Abstract: Soundness is an important property in programming-by-example (PBE) as it allows synthesizers to perform a search over a domain-specific language (DSL) that terminates when any sound program is found.
Large language models (LLMs) can generate code from examples without being limited to a DSL, but they lack search, as samples are independent.
One can sampling code until a sound program is generated, but that is very inefficient.
In this paper, we use an LLM as a policy that generates lines of code and then join these lines of code to let the LLM implicitly estimate the value of each of these lines in its next iteration.
We further guide the policy and value estimation by executing each line and annotating it with its results on the given examples.
This allows us to search for programs within a single, expanding prompt until a sound program is found by letting the policy reason in both the syntactic (code) and semantic (execution) space.

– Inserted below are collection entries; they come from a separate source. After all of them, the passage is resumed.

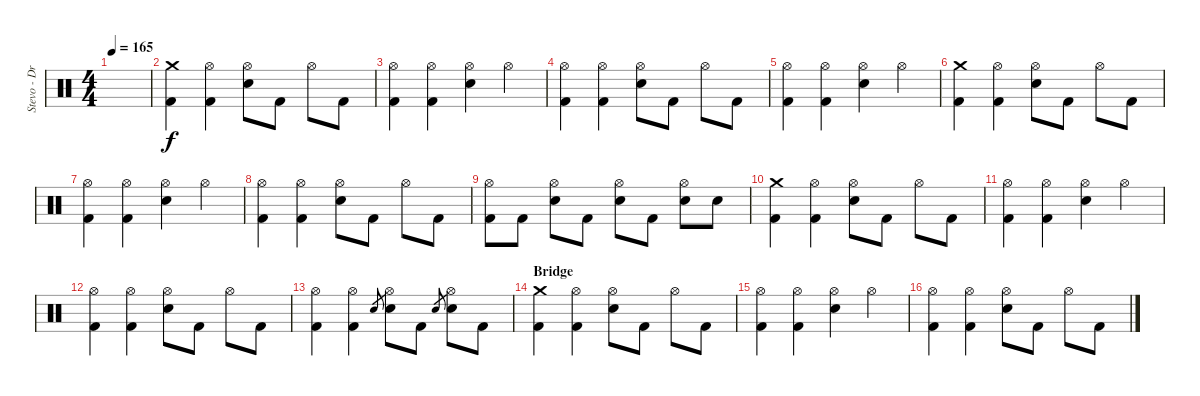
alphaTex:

\track ("Stevo - Drums" "Stevo - Dr") {instrument percussion}
\staff {score}
\articulation defaults
\ts (4 4)
\tempo 165
\clef neutral
\ks c
|
("Crash medium (hit)" "Kick (hit) 2").4 ("Hi-Hat (open)" "Kick (hit) 2").4 ("Electric Snare (hit)" "Hi-Hat (open)").8 "Kick (hit) 2".8 "Hi-Hat (open)".8 "Kick (hit) 2".8 |
("Hi-Hat (open)" "Kick (hit) 2").4 ("Hi-Hat (open)" "Kick (hit) 2").4 ("Electric Snare (hit)" "Hi-Hat (open)").4 "Hi-Hat (open)".4 |
("Hi-Hat (open)" "Kick (hit) 2").4 ("Hi-Hat (open)" "Kick (hit) 2").4 ("Electric Snare (hit)" "Hi-Hat (open)").8 "Kick (hit) 2".8 "Hi-Hat (open)".8 "Kick (hit) 2".8 |
("Hi-Hat (open)" "Kick (hit) 2").4 ("Hi-Hat (open)" "Kick (hit) 2").4 ("Electric Snare (hit)" "Hi-Hat (open)").4 "Hi-Hat (open)".4 |
("Crash medium (hit)" "Kick (hit) 2").4 ("Hi-Hat (open)" "Kick (hit) 2").4 ("Electric Snare (hit)" "Hi-Hat (open)").8 "Kick (hit) 2".8 "Hi-Hat (open)".8 "Kick (hit) 2".8 |
("Hi-Hat (open)" "Kick (hit) 2").4 ("Hi-Hat (open)" "Kick (hit) 2").4 ("Electric Snare (hit)" "Hi-Hat (open)").4 "Hi-Hat (open)".4 |
("Hi-Hat (open)" "Kick (hit) 2").4 ("Hi-Hat (open)" "Kick (hit) 2").4 ("Electric Snare (hit)" "Hi-Hat (open)").8 "Kick (hit) 2".8 "Hi-Hat (open)".8 "Kick (hit) 2".8 |
("Hi-Hat (open)" "Kick (hit) 2").8 "Kick (hit) 2".8 ("Hi-Hat (open)" "Electric Snare (hit)").8 "Kick (hit) 2".8 ("Hi-Hat (open)" "Electric Snare (hit)").8 "Kick (hit) 2".8 ("Hi-Hat (open)" "Electric Snare (hit)").8 "Electric Snare (hit)".8 |
("Crash medium (hit)" "Kick (hit) 2").4 ("Hi-Hat (open)" "Kick (hit) 2").4 ("Electric Snare (hit)" "Hi-Hat (open)").8 "Kick (hit) 2".8 "Hi-Hat (open)".8 "Kick (hit) 2".8 |
("Hi-Hat (open)" "Kick (hit) 2").4 ("Hi-Hat (open)" "Kick (hit) 2").4 ("Electric Snare (hit)" "Hi-Hat (open)").4 "Hi-Hat (open)".4 |
("Hi-Hat (open)" "Kick (hit) 2").4 ("Hi-Hat (open)" "Kick (hit) 2").4 ("Electric Snare (hit)" "Hi-Hat (open)").8 "Kick (hit) 2".8 "Hi-Hat (open)".8 "Kick (hit) 2".8 |
("Hi-Hat (open)" "Kick (hit) 2").4 ("Hi-Hat (open)" "Kick (hit) 2").4 "Electric Snare (hit)".8{gr} ("Electric Snare (hit)" "Hi-Hat (open)").8 "Kick (hit) 2".8 "Electric Snare (hit)".8{gr} ("Hi-Hat (open)" "Electric Snare (hit)").8 "Kick (hit) 2".8 |
\section ("" "Bridge")
("Crash medium (hit)" "Kick (hit) 2").4 ("Hi-Hat (open)" "Kick (hit) 2").4 ("Electric Snare (hit)" "Hi-Hat (open)").8 "Kick (hit) 2".8 "Hi-Hat (open)".8 "Kick (hit) 2".8 |
("Hi-Hat (open)" "Kick (hit) 2").4 ("Hi-Hat (open)" "Kick (hit) 2").4 ("Electric Snare (hit)" "Hi-Hat (open)").4 "Hi-Hat (open)".4 |
("Hi-Hat (open)" "Kick (hit) 2").4 ("Hi-Hat (open)" "Kick (hit) 2").4 ("Electric Snare (hit)" "Hi-Hat (open)").8 "Kick (hit) 2".8 "Hi-Hat (open)".8 "Kick (hit) 2".8

We evaluate this approach on straight-line Python code generation using five benchmarks across different domains (string transformations, list transformations, and arbitrary Python programming problems).
We show that the model effectively uses the execution results to guide the search and that within-prompt search performs well at low token budgets.
We also analyze how the model behaves as a policy and value, show that it can parallelize the search, and that it can implicitly backtrack over earlier generations.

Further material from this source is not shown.